Als meine Schwester Suppe kochen musste
„Komm, aufstehen“, höre ich eine leise Stimme. Dann spüre ich eine Hand meine Schulter berühren. „Los, wir müssen in den Kindergarten“, höre ich wieder. Mein Papa ist über mich gebeugt. Ich tapse ins Bad. Beim Frühstück kommt mein Bruder und macht den Wasserkocher an.
„Wo ist Mama?“, frage ich.
Mein Papa sagt: „Sie musste wegfliegen.“
„Wohin?“
„Zum Opa.“
„Wieso?“
„Weil es Opa nicht gut geht.“
Ich rühre die Rosinen in meinem Brei herum.
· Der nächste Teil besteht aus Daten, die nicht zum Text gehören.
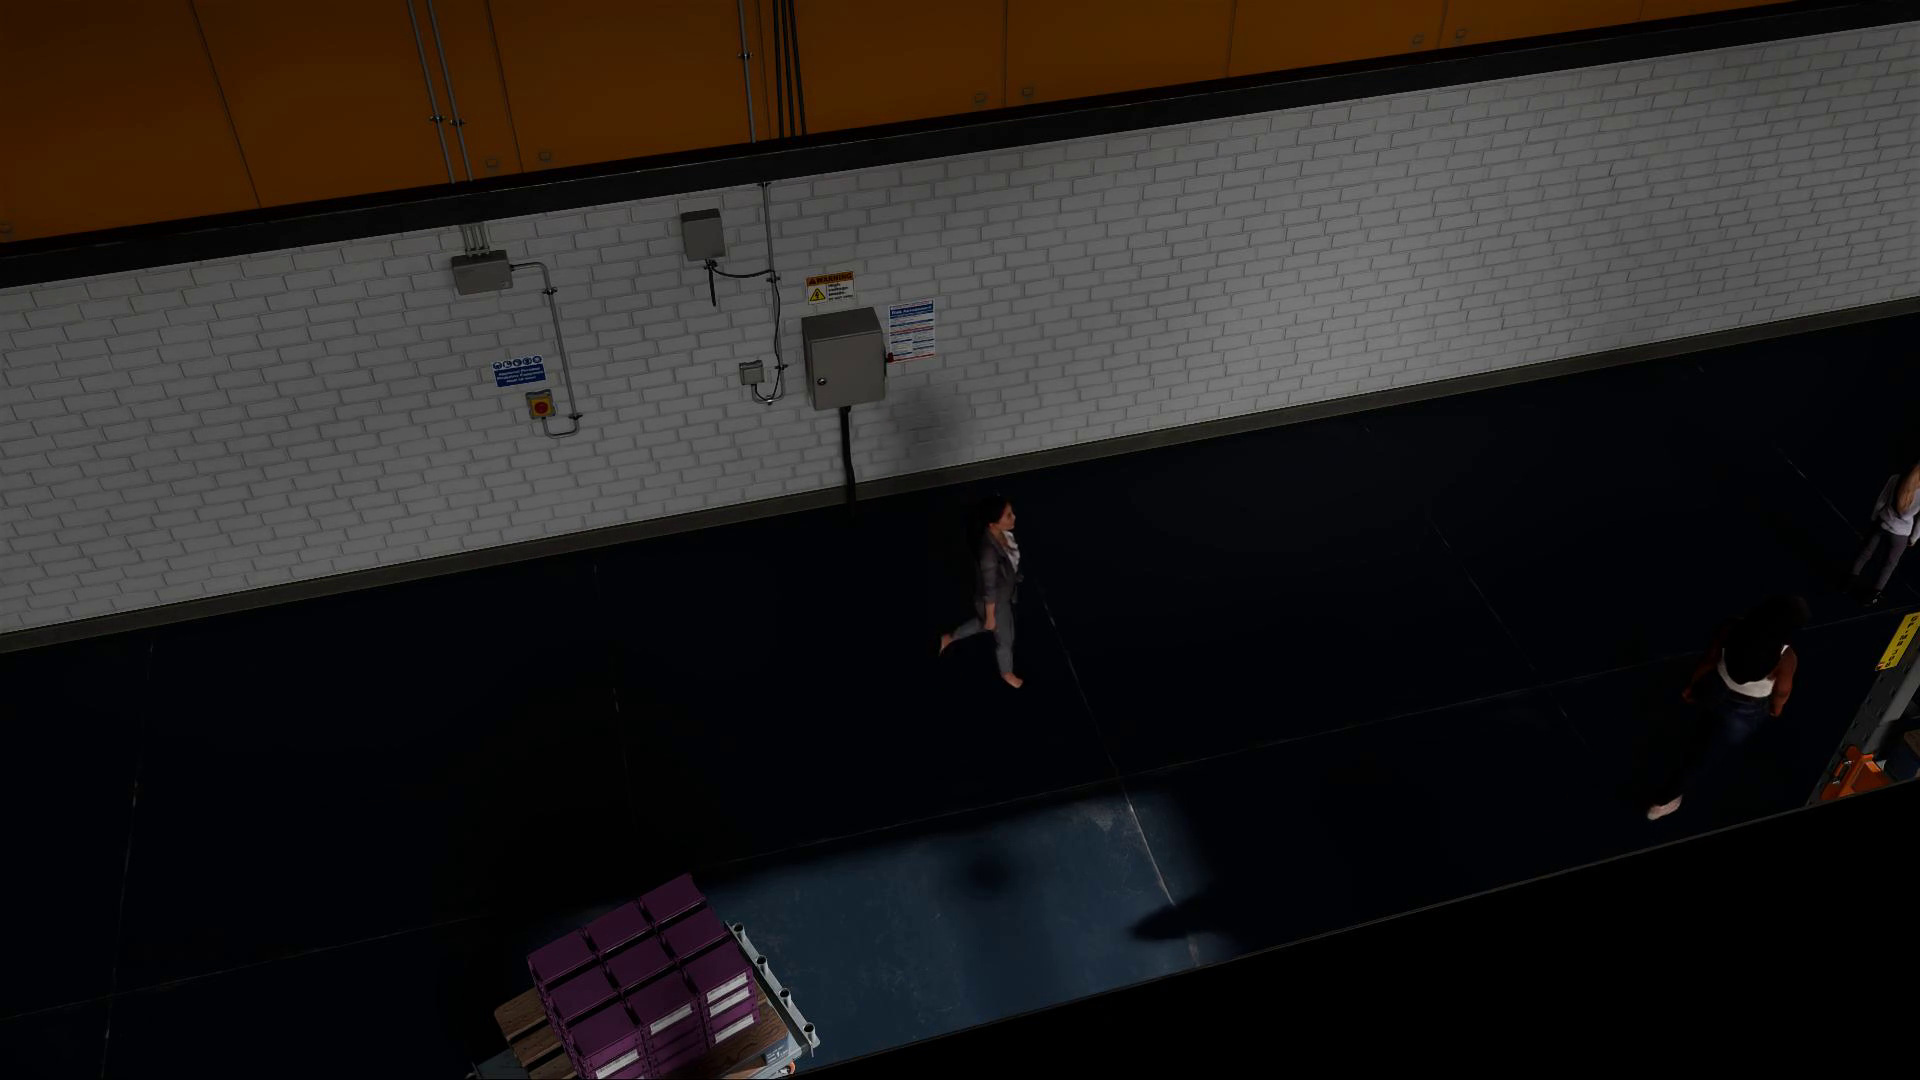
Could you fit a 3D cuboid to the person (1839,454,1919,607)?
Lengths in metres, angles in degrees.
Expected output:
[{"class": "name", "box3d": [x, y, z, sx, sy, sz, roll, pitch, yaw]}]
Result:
[{"class": "person", "box3d": [6.306, -0.084, 11.247, 0.617, 1.279, 0.529, -27, 50, -25]}]

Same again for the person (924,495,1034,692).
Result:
[{"class": "person", "box3d": [0.131, 0.354, 10.513, 0.887, 1.659, 0.990, 4, 44, 4]}]

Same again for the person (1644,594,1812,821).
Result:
[{"class": "person", "box3d": [4.434, 1.026, 9.734, 0.925, 1.761, 1.139, -23, 48, -23]}]
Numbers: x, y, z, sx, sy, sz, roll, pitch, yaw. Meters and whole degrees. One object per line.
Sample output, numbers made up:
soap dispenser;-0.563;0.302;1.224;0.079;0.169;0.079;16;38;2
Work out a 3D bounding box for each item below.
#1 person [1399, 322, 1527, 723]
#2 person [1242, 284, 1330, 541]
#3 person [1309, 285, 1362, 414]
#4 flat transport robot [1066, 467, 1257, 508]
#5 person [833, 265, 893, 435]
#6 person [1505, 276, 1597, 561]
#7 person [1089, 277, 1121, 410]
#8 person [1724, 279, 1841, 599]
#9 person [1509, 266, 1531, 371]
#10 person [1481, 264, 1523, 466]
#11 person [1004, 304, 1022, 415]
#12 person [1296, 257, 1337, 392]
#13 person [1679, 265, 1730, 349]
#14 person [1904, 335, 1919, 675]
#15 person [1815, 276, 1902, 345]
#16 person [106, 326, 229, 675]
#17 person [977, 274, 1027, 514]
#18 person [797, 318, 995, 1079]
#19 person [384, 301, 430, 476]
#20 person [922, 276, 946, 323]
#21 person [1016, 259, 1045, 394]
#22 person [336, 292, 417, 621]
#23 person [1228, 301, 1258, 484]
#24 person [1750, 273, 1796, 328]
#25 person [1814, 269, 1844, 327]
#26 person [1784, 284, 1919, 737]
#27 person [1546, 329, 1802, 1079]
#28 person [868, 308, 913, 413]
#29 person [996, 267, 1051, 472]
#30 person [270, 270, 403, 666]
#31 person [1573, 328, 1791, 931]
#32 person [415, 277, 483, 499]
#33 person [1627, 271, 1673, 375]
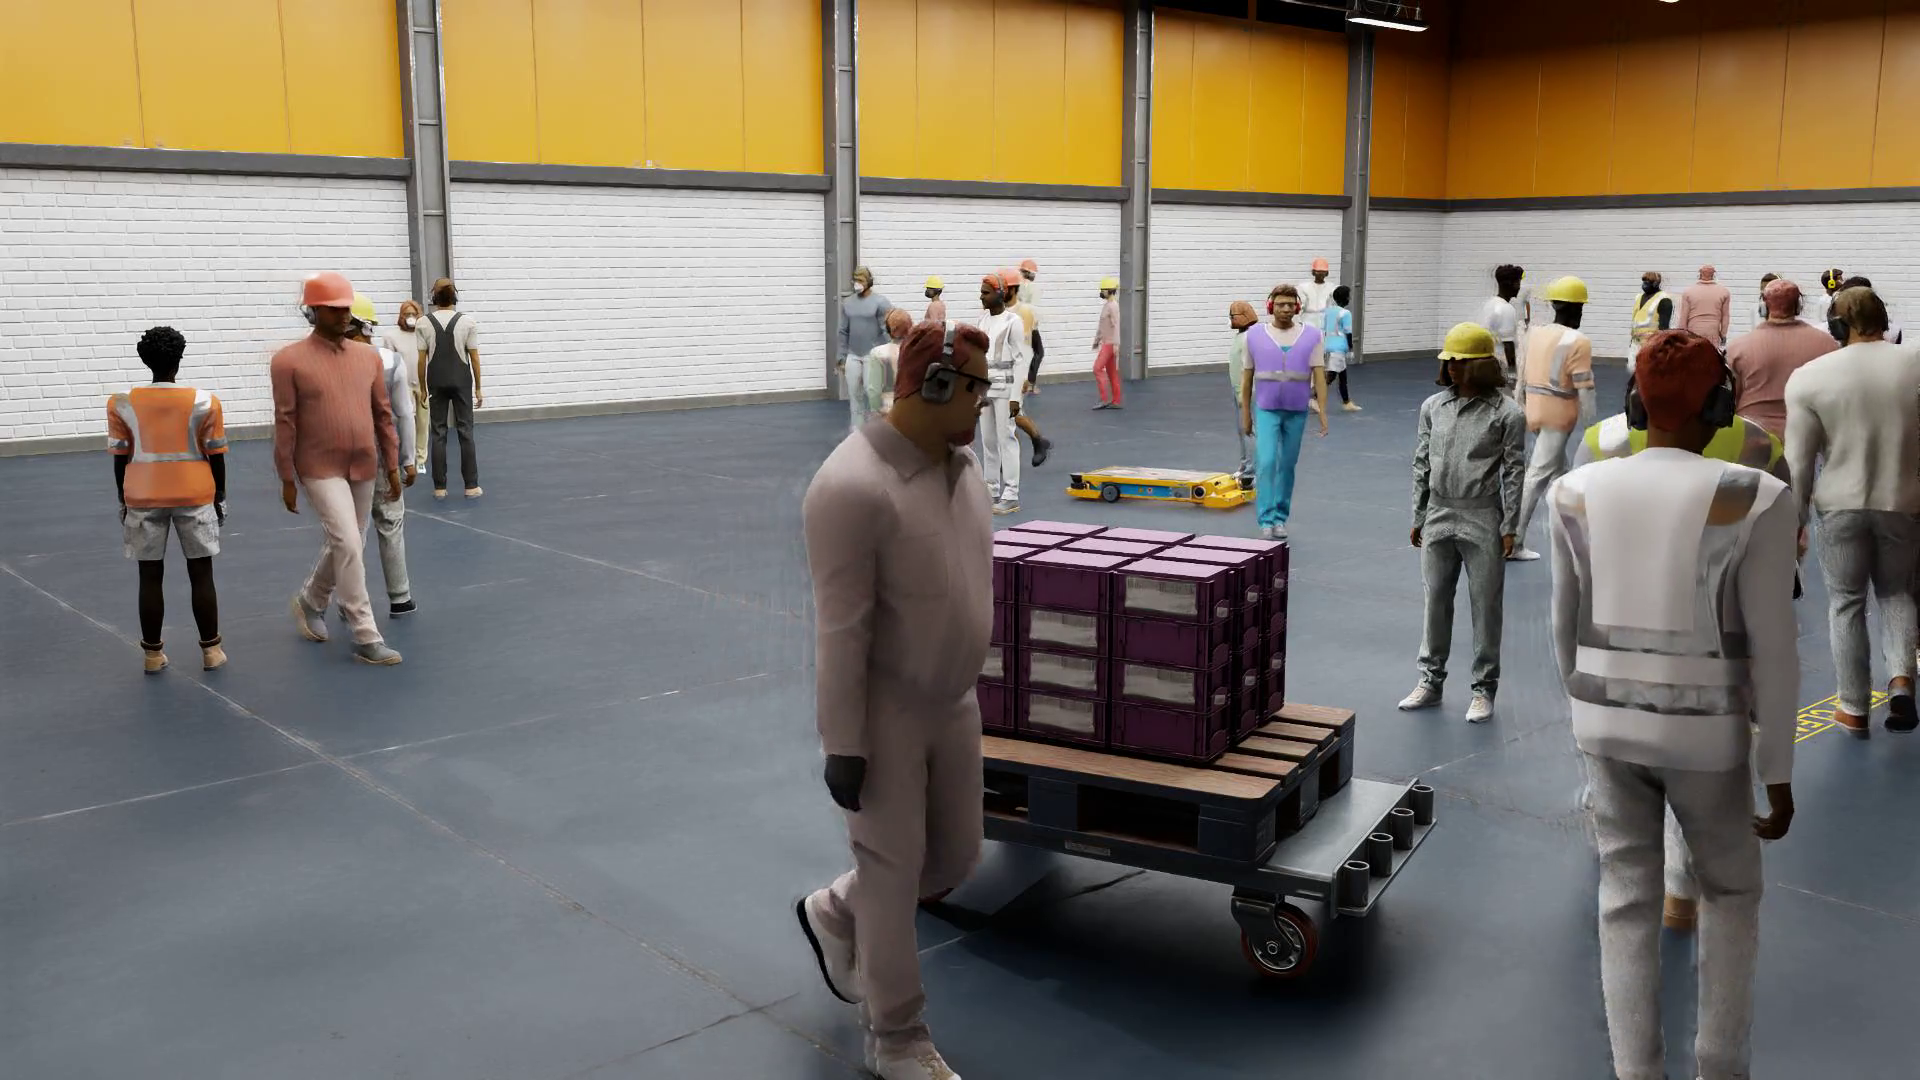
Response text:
person;2.193;-0.075;7.256;0.491;1.740;0.323;8;13;40
person;2.294;-0.873;11.705;0.594;1.810;0.827;0;10;2
person;4.817;-2.447;21.403;0.864;1.659;0.543;-3;10;-16
flat transport robot;1.664;-0.451;13.756;1.431;0.197;0.652;5;11;28
person;-1.003;-1.930;17.588;0.660;1.926;0.597;7;12;34
person;4.024;-0.795;11.049;0.986;1.876;0.613;-3;10;-16
person;1.873;-2.571;21.865;0.574;1.748;0.529;0;10;-2
person;4.726;-0.560;9.642;0.662;1.891;0.540;4;10;20
person;9.452;-3.730;28.327;0.514;1.857;0.317;5;11;25
person;5.215;-1.675;16.006;0.431;1.947;0.643;0;10;2
person;0.440;-2.275;20.544;0.825;1.585;0.523;-6;11;-30
person;5.325;-3.207;24.796;0.610;2.015;0.864;2;10;13
person;10.401;-2.887;23.316;0.673;1.914;0.435;2;10;13
person;4.785;-0.338;7.921;0.708;2.000;0.545;5;11;27
person;6.180;-0.888;11.616;0.626;1.866;0.978;6;11;31
person;-3.821;-0.188;8.072;0.530;1.689;0.322;-4;10;-21
person;0.288;-1.149;13.126;0.341;1.882;0.586;-7;12;-34
person;-0.173;0.395;4.093;0.634;1.879;0.671;7;12;37
person;-4.981;-1.371;15.221;0.526;1.597;0.776;-4;10;-21
person;-0.329;-2.483;21.273;0.307;1.770;0.533;2;10;14
person;0.979;-3.104;24.318;0.545;1.975;0.623;-9;13;-43
person;-3.319;-0.456;9.243;0.586;1.824;0.403;-2;10;-10
person;2.515;-1.312;14.836;0.272;1.628;0.495;0;10;-1
person;8.290;-1.794;17.011;0.406;1.857;0.531;-7;12;-37
person;10.230;-2.254;19.625;0.328;1.876;0.514;4;11;25
person;3.790;-0.102;6.934;0.707;1.903;0.514;3;10;15
person;1.619;0.456;3.822;0.612;1.860;0.484;9;13;42
person;-0.439;-0.895;12.345;0.513;1.642;0.313;-5;11;-25
person;0.521;-1.574;15.511;0.552;1.917;0.559;-6;11;-30
person;-3.173;-0.382;8.419;0.955;1.964;0.618;7;12;36
person;2.247;0.237;5.274;0.662;1.788;0.950;3;10;17
person;-4.248;-1.257;13.869;0.514;1.846;0.339;-2;10;-11
person;9.091;-2.621;21.900;0.532;1.830;0.645;-3;10;-15
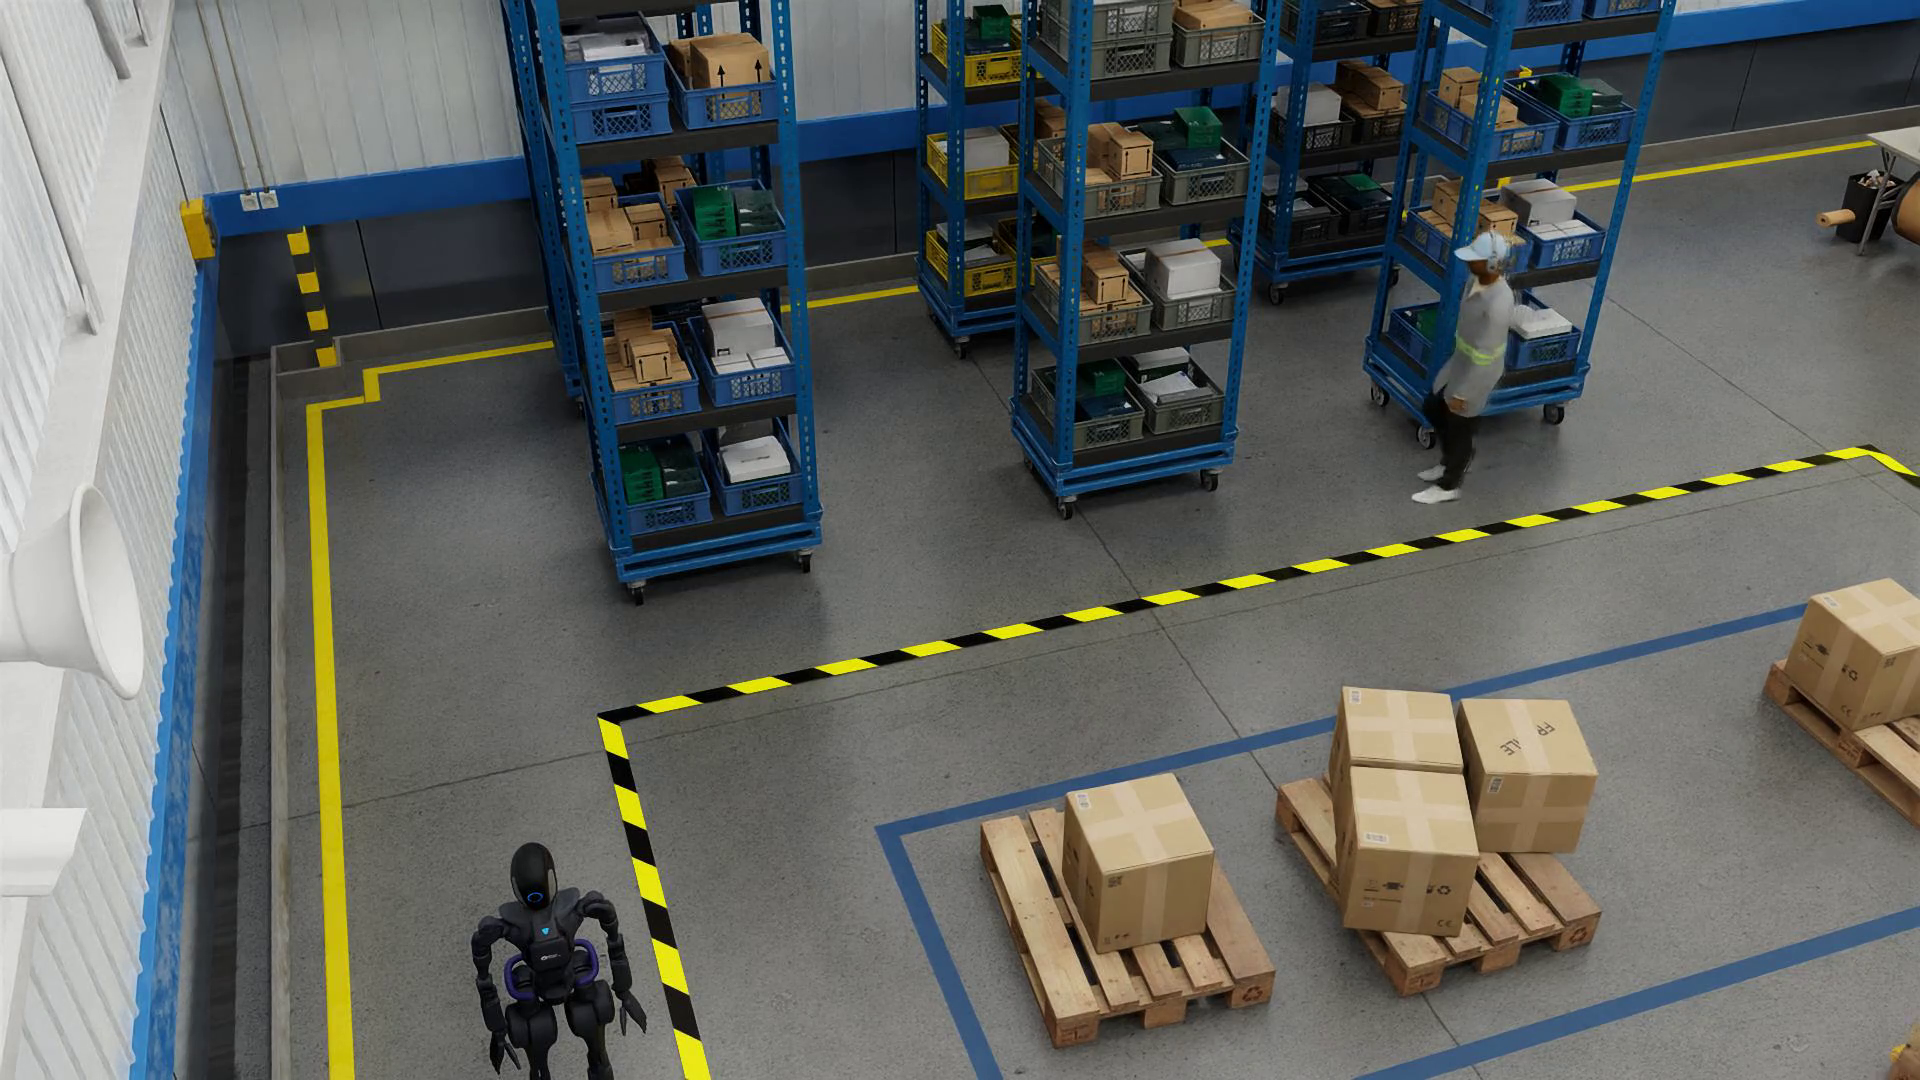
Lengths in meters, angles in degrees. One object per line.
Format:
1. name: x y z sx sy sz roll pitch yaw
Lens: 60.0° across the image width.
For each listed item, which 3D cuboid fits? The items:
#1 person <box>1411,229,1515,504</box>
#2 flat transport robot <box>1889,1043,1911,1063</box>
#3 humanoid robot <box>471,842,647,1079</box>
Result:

„Holt sie mich heute ab?“, frage ich.
„Nein.“
„Oii“, stöhne ich, „Wer dann?“
„Deine Schwester.“
[eine Woche später]
Wir essen zu Abend. Meine Schwester erzählt von ihrer Geigenstunde. Das Telefon piept und mein Papa geht in die Küche. Ich sehe ihn hinter dem Tresen. Lustig, wie sich die Lichter lang ziehen, wenn man die Augen zusammenkneift und auf die Lampe schaut. Mein Papa sagt etwas. Ich neige den Kopf immer mehr zur Seite und sehe die Lichtstrahlen mitkreisen. Als ich mich wieder aufsetze, redet niemand. Meine Schwester fängt an zu weinen. Ich schaue sie an, dann meinen Bruder und meinen Papa. Wieso machen sie nichts? Ich lasse die Gabel auf meinen Teller gleiten und gehe zu meiner Schwester. „Was hast du?“, frage ich sie, aber sie antwortet nicht. Sie schaut mich an und ihr laufen Tränen übers Gesicht. Dann steht sie auf und läuft ins Bad. Ich schaue meinen Papa an. Er steht neben dem Geschirrspüler und kaut an der Lippe. Mein Bruder zupft an seinem Ärmel. Ich schleiche zum Sofa und nehme mein Auto. Ich lasse es über die Polster fahren, spähe dabei immer wieder ins Esszimmer, aber niemand bewegt sich. Dann kommt meine Schwester aus dem Bad. Ihre Augen sind rot. Mir gefällt diese Stille nicht. „Du hast noch Spaghetti“, sage ich. Sie nickt und setzt sich. Es ist wieder still. Sie nimmt einen Schluck Wasser. Ihre Hand zittert. Wir hatten noch nichts zum Nachtisch, aber ich traue mich nicht, danach zu fragen. Das Telefon meines Papas klingelt wieder. Er geht mit schnellen Schritten ins Schlafzimmer. Mein Bruder holt tief Luft und schließt die Augen. An diesem Abend wird länger gebetet als sonst.
Am nächsten Morgen bringt mich meine Schwester in den Kindergarten.
„Wo ist Papa?“, frage ich am Weg.
„Er ist weggeflogen“, sagt sie mir.
„Wieso?“
„Zu Mama.“
Am Nachmittag holt sie mich ab. Sie hat wieder rote Augen und schnäuzt sich.
„Hast du etwa Schnupfen?“, frage ich.
Sie schaut mich kurz an und sagt dann: „Ja. Hast du Hunger?“
Ich nicke.
Sie nimmt meine Hand: „Gut, ich habe Suppe gekocht.“
Am Wochenende ist es still zuhause. Als ich wieder in den Kindergarten komme, werde ich lang nicht abgeholt. Meine Freunde gehen und ich komme in die Sammelgruppe.
Beim Einschlafen sitzt meine Schwester mit ihrem Computer an der Wand. Ich krieche zu ihr, aber sie sagt streng, ich solle mich wieder auf den Polster legen.
„Was machst du?“, frage ich sie.
„Ich muss schreiben.“
„Was schreibst du?“
„Hausübungen.“
Sie schaut nicht auf, also rolle ich mich weg. Es ist dunkel und ich fürchte mich vor den Schatten auf der Decke. Jetzt beten wir immer länger als sonst.